Transfer of recent advances in deep reinforcement learning to real-world
applications is hindered by high data demands and thus low efficiency and
scalability.
Through independent improvements of components such as replay buffers or
more stable learning algorithms, and through massively distributed systems,
training time could be reduced from several days to several hours for standard
benchmark tasks.
However, while rewards in simulated environments are well-defined and easy
to compute, reward evaluation becomes the bottleneck in many real-world
environments, e.g., in molecular optimization tasks, where computationally
demanding simulations or even experiments are required to evaluate
states and to quantify rewards.
When ground-truth evaluations become orders of magnitude more expensive than
in research scenarios, direct transfer of recent advances would require massive amounts
of scale, just for evaluating rewards rather than training the models.
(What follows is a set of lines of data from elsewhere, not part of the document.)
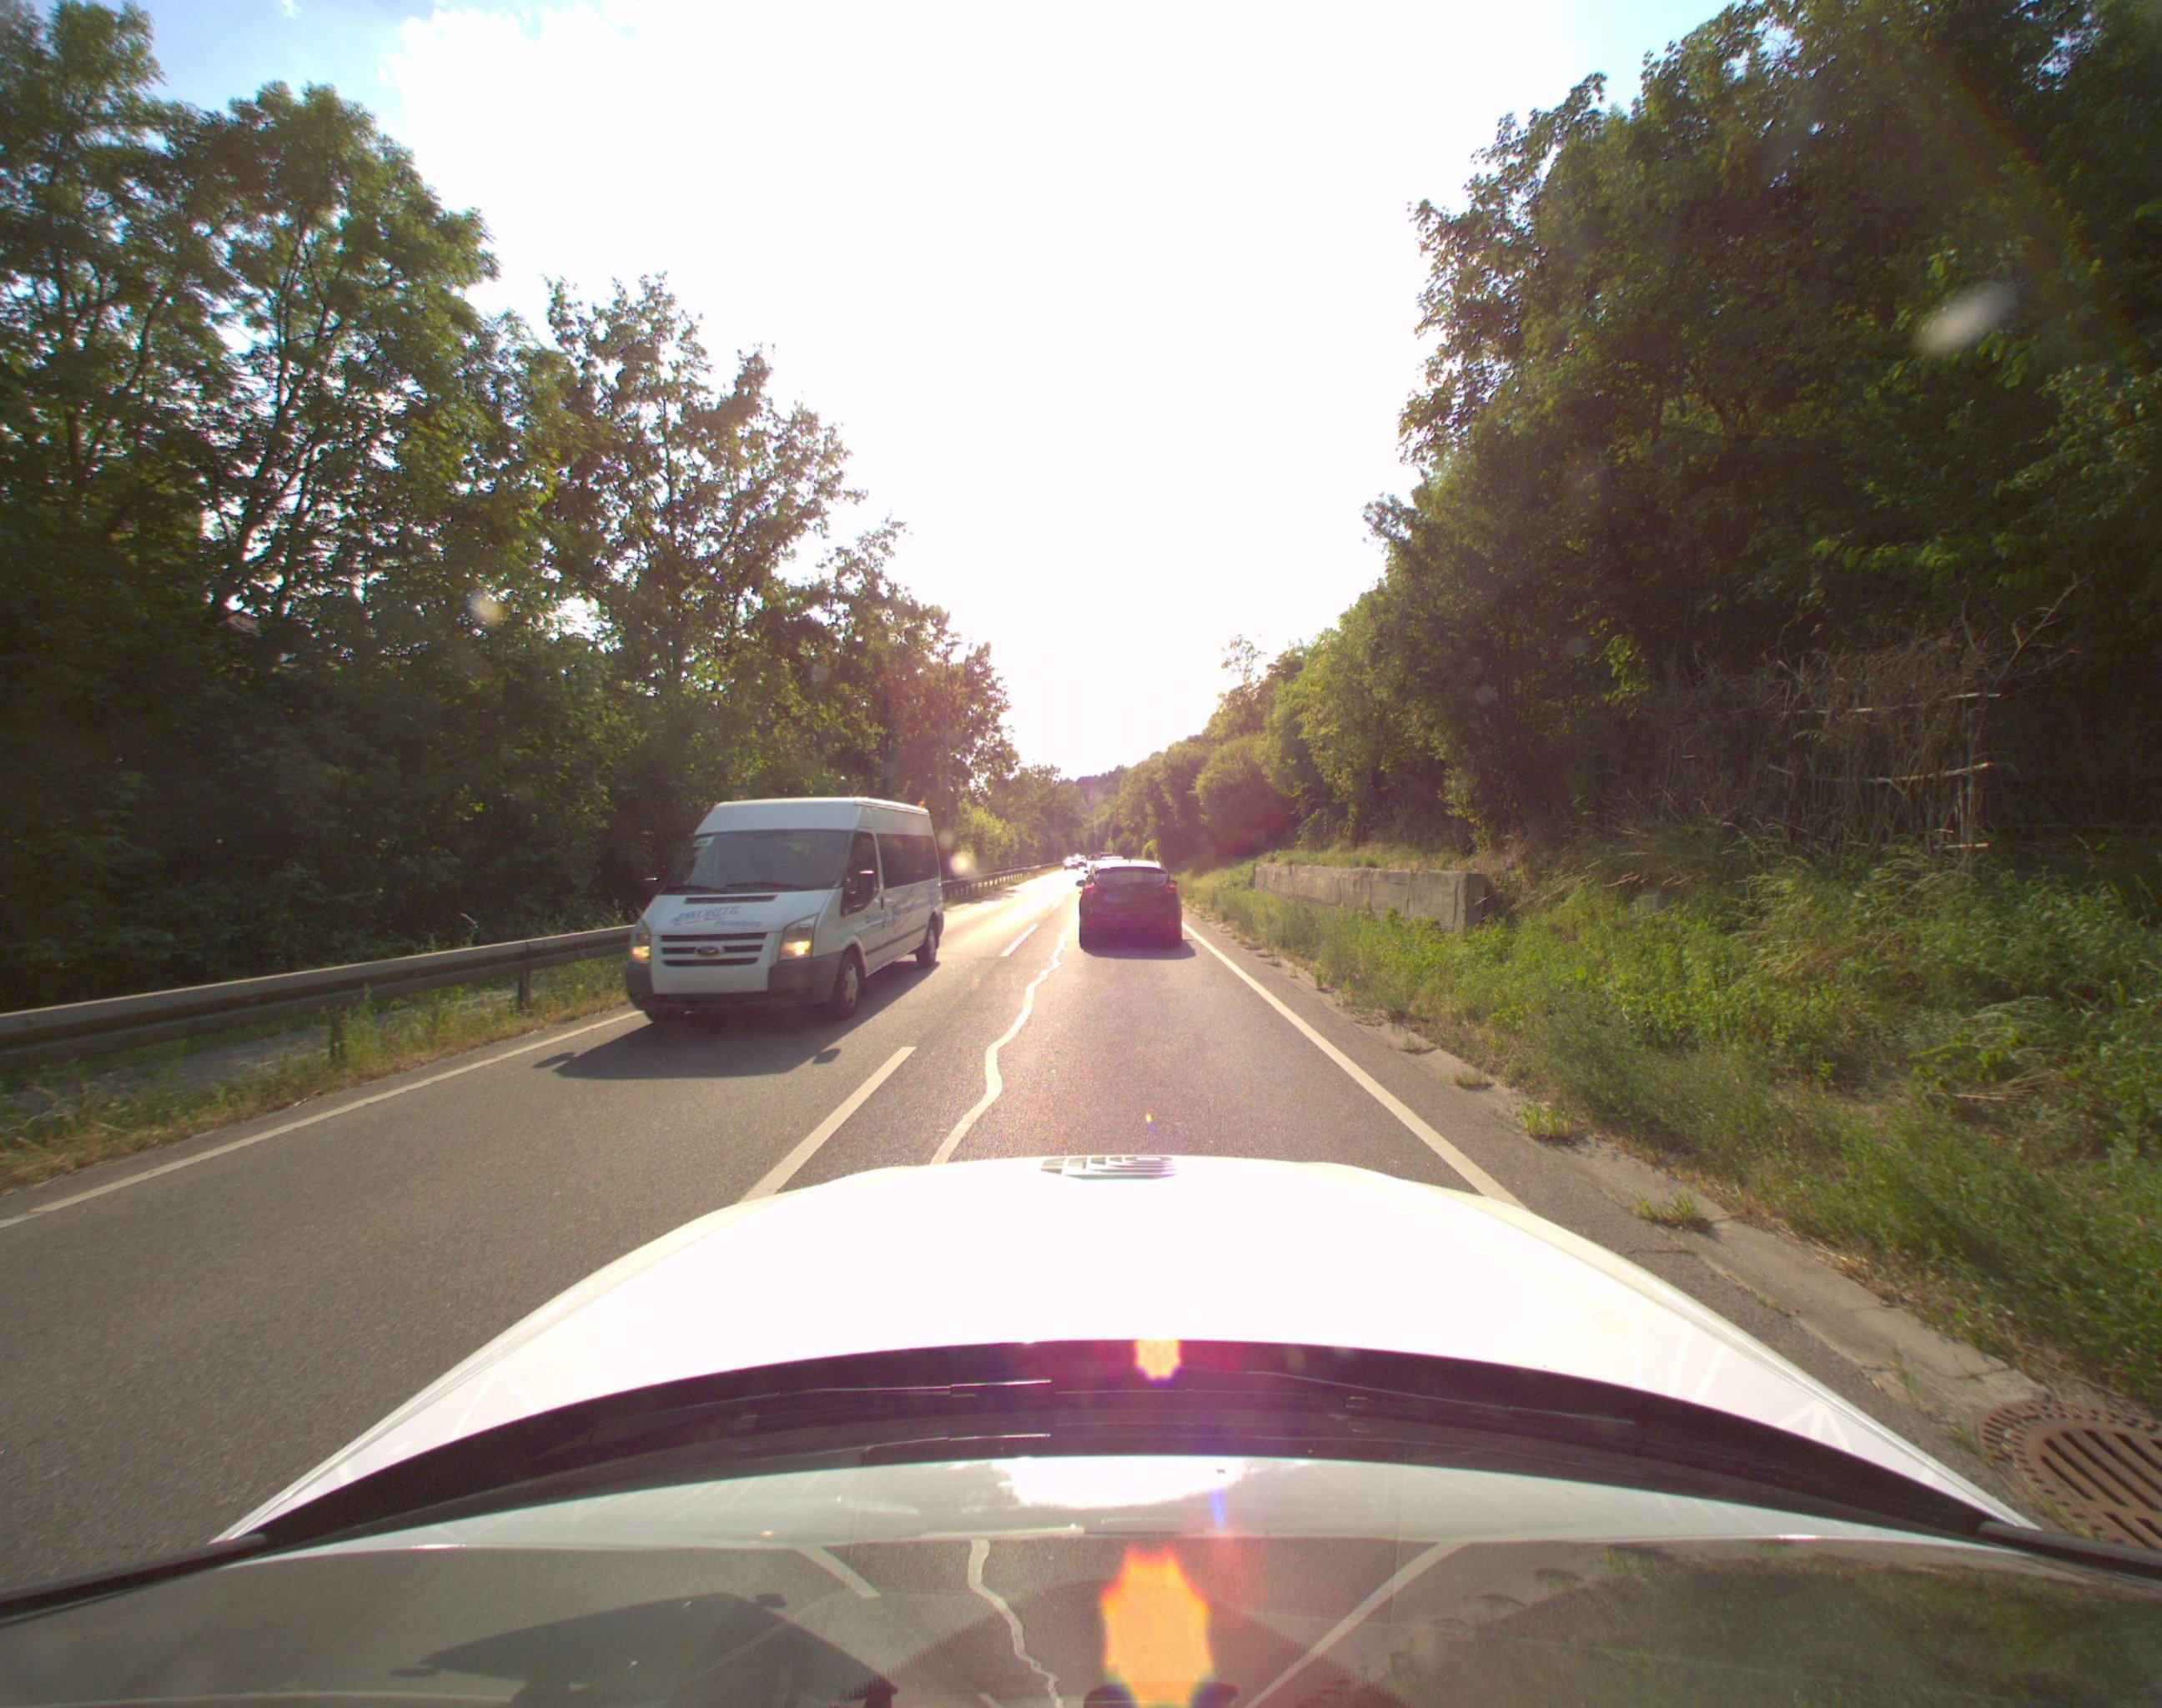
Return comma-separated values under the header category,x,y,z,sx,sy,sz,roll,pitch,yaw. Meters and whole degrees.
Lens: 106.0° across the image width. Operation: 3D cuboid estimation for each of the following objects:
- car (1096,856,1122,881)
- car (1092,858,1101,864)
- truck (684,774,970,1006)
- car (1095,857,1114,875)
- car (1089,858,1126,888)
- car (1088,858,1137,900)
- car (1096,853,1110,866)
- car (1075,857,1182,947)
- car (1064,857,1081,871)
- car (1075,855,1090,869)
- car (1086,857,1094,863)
category,x,y,z,sx,sy,sz,roll,pitch,yaw
car,1.879,0.941,53.988,1.624,1.596,4.002,-2,0,2
car,3.930,1.765,208.570,1.991,1.519,3.992,-2,0,-6
truck,-3.075,0.390,11.495,2.050,2.385,5.874,-2,0,1
car,2.134,1.094,74.500,1.624,1.596,4.002,-2,0,2
car,1.356,0.936,41.554,1.798,1.391,4.002,-2,0,2
car,1.204,0.870,30.224,1.654,1.418,4.003,-1,0,3
car,3.173,0.771,117.740,1.856,1.780,4.002,-2,0,2
car,0.840,0.800,15.276,1.733,1.456,4.001,0,-1,2
car,-0.961,1.146,94.507,1.675,1.442,4.001,-2,0,1
car,0.193,1.087,109.806,1.741,1.717,4.223,-2,0,2
car,2.676,1.786,242.565,1.991,1.519,3.992,-2,0,-6
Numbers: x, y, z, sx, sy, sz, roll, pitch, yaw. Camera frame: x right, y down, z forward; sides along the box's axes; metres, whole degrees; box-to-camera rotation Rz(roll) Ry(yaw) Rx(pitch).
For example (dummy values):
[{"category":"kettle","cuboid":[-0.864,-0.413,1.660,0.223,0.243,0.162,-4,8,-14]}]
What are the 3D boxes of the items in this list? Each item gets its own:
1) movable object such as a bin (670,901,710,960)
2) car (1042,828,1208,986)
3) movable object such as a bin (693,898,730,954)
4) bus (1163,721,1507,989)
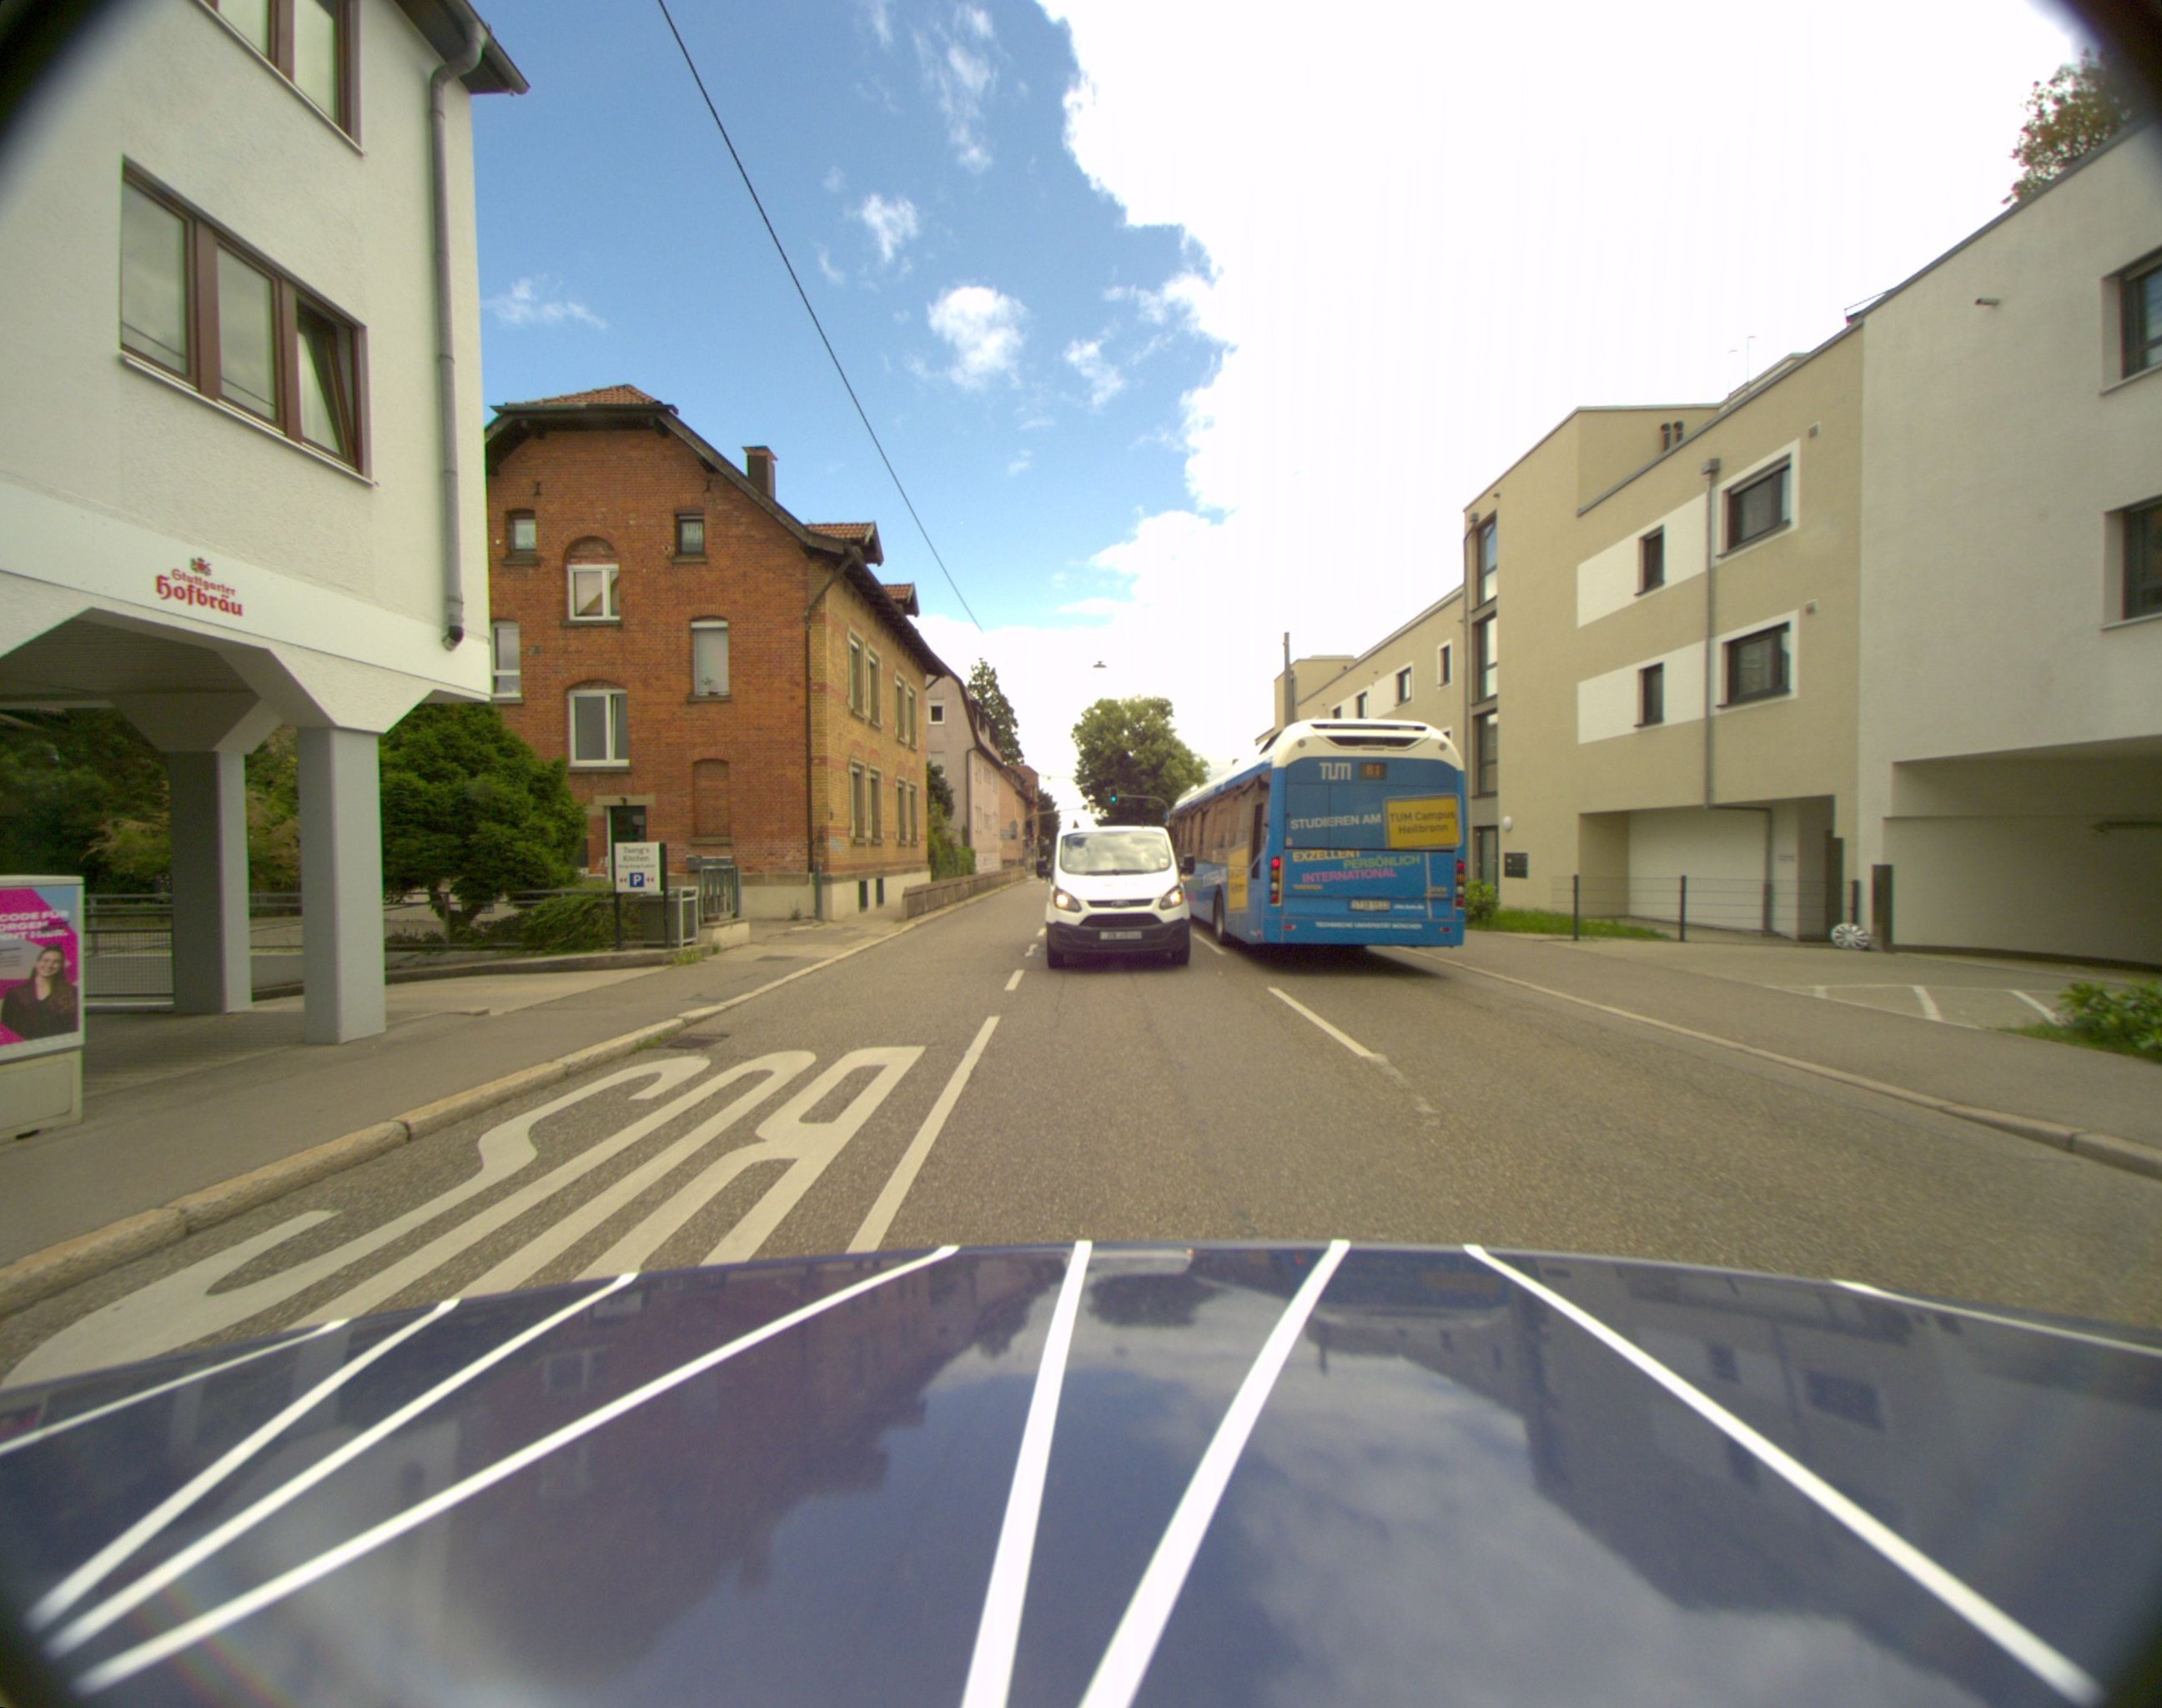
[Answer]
[{"category":"movable object such as a bin","cuboid":[-6.375,1.240,12.395,0.398,0.898,0.456,-1,1,1]},{"category":"car","cuboid":[0.550,0.650,12.064,2.062,1.945,5.060,-1,0,0]},{"category":"movable object such as a bin","cuboid":[-6.315,1.223,13.002,0.398,0.898,0.456,-1,1,1]},{"category":"bus","cuboid":[3.751,0.006,15.312,2.950,3.255,12.007,1,0,0]}]

We propose to alleviate this problem by replacing costly ground-truth
rewards with rewards modeled by neural networks, counteracting
non-stationarity of state and reward distributions during training with an
active learning component.
We demonstrate that using our proposed method, it is possible to train agents
in complex real-world environments orders of magnitudes faster than would be
possible when using ground-truth rewards.
By enabling the application of reinforcement learning methods to new
domains, we show that we can find interesting and non-trivial solutions to
real-world optimization problems in chemistry, materials science and
engineering.
We demonstrate speed-up factors of 50 to 3000 when applying our approach to
challenges of molecular design and airfoil optimization.